Based on his suspicion that Joseph C. and his passenger, Justin Michael B., were involved in auto burglaries, Officer Cochran removed the minors from the pickup, placed both under arrest, handcuffed and placed them in the back of his unit. Officer Cochran retrieved the cell phones and conducted a search, finding in front of the bench-type seat a black canvas bag containing "screwdrivers, pliers, and channel locks," which he opined were "the type that are commonly used to help commit burglaries." Officer Cochran was aware, at the time of the traffic stop, that both occupants were minors and in violation of the Manhattan Beach curfew, which was in effect from 10 p.m. until 5 a.m., and believed a curfew violation was an "arrestable offense."

Officer Cochran impounded the vehicle and transported the minors to the station where he was unable to verify the cell phones were stolen. Officer Cochran interviewed Justin Michael B. in the station briefing room and he agreed to speak after having been advised of an waiving his rights. Justin Michael B. then made incriminating statements.

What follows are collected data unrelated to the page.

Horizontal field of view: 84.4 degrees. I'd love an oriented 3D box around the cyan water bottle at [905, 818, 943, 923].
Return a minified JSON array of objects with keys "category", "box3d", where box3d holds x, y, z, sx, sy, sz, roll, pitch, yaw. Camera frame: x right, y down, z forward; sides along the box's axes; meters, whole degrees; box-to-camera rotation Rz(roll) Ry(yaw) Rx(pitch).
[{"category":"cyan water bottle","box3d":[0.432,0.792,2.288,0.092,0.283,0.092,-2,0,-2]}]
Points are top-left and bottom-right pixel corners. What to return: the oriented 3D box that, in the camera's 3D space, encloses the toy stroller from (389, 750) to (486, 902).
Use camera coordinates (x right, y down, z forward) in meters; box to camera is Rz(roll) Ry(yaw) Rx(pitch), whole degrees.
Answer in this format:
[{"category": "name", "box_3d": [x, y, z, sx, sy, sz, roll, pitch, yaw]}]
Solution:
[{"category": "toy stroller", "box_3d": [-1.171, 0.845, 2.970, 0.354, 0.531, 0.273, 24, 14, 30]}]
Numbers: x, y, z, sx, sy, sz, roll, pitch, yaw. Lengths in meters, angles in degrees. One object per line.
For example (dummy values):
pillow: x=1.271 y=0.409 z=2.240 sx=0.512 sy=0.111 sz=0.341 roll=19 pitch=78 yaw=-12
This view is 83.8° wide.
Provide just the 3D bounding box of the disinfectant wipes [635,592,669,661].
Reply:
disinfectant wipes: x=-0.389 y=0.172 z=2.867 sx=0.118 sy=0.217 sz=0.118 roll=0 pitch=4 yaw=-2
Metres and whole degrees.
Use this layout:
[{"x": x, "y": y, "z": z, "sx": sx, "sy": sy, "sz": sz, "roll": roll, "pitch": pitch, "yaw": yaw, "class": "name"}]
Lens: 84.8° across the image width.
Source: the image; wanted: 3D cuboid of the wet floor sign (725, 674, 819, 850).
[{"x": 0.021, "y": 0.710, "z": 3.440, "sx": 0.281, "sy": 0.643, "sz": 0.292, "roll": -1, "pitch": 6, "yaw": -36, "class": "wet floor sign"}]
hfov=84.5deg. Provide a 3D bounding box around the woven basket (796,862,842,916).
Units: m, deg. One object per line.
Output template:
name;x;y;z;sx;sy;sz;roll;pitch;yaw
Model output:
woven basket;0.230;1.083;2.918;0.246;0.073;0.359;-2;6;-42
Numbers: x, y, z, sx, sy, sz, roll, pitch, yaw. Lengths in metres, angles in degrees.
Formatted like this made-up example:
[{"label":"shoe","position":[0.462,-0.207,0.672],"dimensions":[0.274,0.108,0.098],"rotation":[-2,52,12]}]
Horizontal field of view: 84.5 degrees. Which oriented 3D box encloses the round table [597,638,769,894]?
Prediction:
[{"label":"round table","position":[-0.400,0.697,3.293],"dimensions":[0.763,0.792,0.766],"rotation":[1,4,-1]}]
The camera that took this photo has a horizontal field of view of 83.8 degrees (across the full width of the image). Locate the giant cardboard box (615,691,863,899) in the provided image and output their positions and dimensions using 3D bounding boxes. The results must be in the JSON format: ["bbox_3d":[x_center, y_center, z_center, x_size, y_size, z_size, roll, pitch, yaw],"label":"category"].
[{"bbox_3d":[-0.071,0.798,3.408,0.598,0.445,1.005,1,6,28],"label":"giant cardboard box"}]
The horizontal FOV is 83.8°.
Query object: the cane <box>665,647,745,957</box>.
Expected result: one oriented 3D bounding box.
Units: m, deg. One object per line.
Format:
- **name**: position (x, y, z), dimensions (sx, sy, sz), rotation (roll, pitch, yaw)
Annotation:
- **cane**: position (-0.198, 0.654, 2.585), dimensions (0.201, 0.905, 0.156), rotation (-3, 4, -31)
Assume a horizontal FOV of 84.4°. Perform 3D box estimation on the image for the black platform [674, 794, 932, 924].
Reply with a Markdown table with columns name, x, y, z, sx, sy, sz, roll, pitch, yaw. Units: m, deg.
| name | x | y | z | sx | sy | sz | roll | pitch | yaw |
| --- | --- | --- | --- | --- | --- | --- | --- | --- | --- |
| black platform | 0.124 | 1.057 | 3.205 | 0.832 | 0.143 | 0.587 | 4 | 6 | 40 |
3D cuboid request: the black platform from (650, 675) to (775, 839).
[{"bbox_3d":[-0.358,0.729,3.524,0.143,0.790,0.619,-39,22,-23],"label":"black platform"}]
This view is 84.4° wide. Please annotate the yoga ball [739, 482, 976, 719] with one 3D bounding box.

The juvenile court denied the suppression motion, finding that the items found in the truck were properly seized pursuant to a search incident to an arrest for probable cause; that the minors were in violation of curfew, which the court believed was an arrestable offense; and the officer was justified in conducting an inventory search because the pickup was impounded.

The Second District Court of Appeal reversed, holding that the mere presence of a passenger in a vehicle lawfully stopped for a traffic violation and which contained in plain view behind the driver's seat personal property which possibly could have been stolen from unknown vehicles at some specified time does not constitute probable cause to arrest the passenger for vehicle burglary or receiving stolen property. The court further held that where the minor's only offense is a curfew violation, a peace officer abridges a minor's right to be free from unreasonable searches and seizures (U.S. Constitution, 4th Amendment) when that officer transports the minor to the police station and subjects the minor to questioning designed to elicit incriminating responses.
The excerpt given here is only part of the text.